» PROBLEM TO WORK ON
Beginning with the line that mentions "q3.L3 = 0 to 1.68, 4.32 to 28.68, 31.32 to 33", reproduce every line through the last line of the entries, exactly, and only those.

» Stored items from a collection
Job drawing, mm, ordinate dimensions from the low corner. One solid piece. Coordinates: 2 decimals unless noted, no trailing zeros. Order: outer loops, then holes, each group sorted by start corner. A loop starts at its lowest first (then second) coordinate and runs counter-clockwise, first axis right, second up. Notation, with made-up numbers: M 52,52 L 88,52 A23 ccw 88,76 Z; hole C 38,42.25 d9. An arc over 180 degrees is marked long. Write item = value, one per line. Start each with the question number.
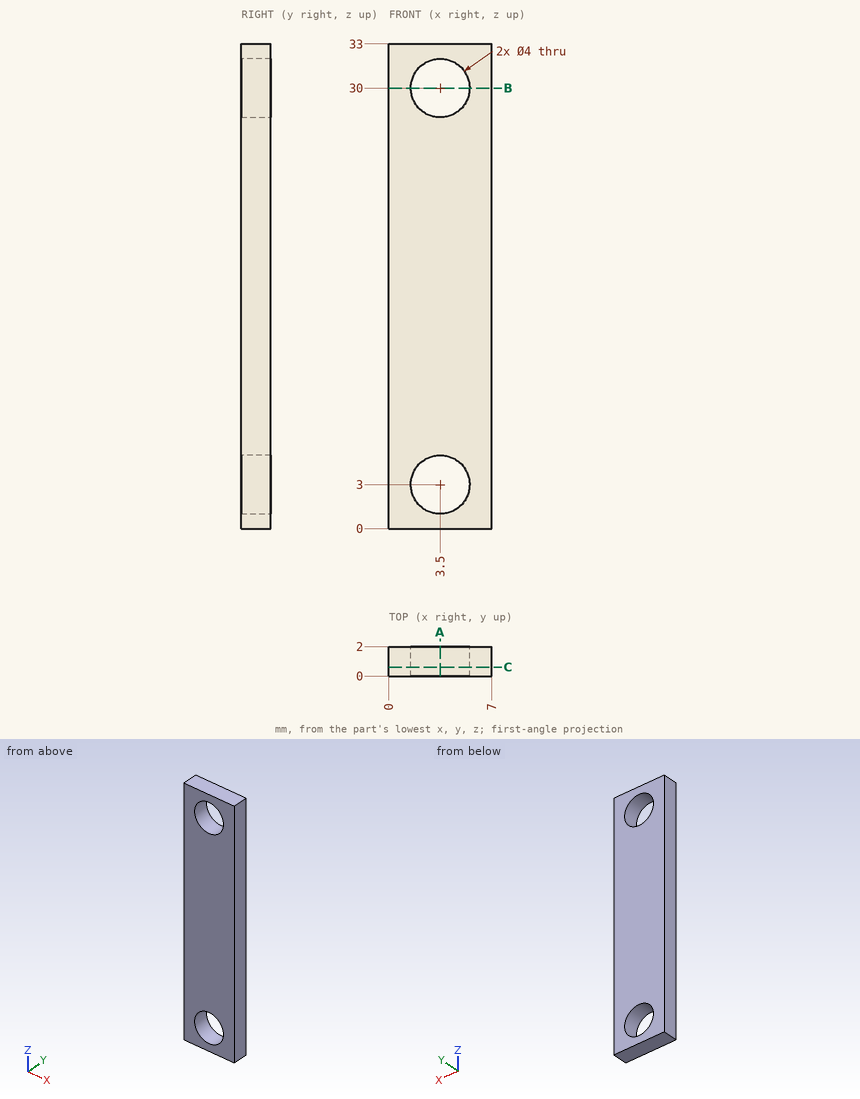
1. Slice it at B-B (z = 30). Write the cut outline in (x, y).
2. Slice it at A-A (x = 3.5). Write the cut outline in (y, z), plus the area to 3 significant figures.
3. Probe L1, parallel to X at y = 1.1, z = 30; L2, parallel to Z at x = 3, y = 0.8; L3, parallel to Z at x = 5, y = 0.8. List the from-to ranges inside material, lowest first.
4. Slice it at C-C (y = 0.6). Write the cut outline in (x, z).
Calculated:
q1.outline = M 0,0 L 1.5,0 L 1.5,2 L 0,2 Z; M 5.5,0 L 7,0 L 7,2 L 5.5,2 Z
q2.outline = M 0,0 L 2,0 L 2,1 L 0,1 Z; M 0,5 L 2,5 L 2,28 L 0,28 Z; M 0,32 L 2,32 L 2,33 L 0,33 Z
q2.area = 50.0 mm²
q3.L1 = 0 to 1.5, 5.5 to 7
q3.L2 = 0 to 1.06, 4.94 to 28.06, 31.94 to 33
q3.L3 = 0 to 1.68, 4.32 to 28.68, 31.32 to 33
q4.outline = M 0,0 L 7,0 L 7,33 L 0,33 Z; hole C 3.5,3 d4; hole C 3.5,30 d4

» WRITTEN SOLUTION
q3.L3 = 0 to 1.68, 4.32 to 28.68, 31.32 to 33
q4.outline = M 0,0 L 7,0 L 7,33 L 0,33 Z; hole C 3.5,3 d4; hole C 3.5,30 d4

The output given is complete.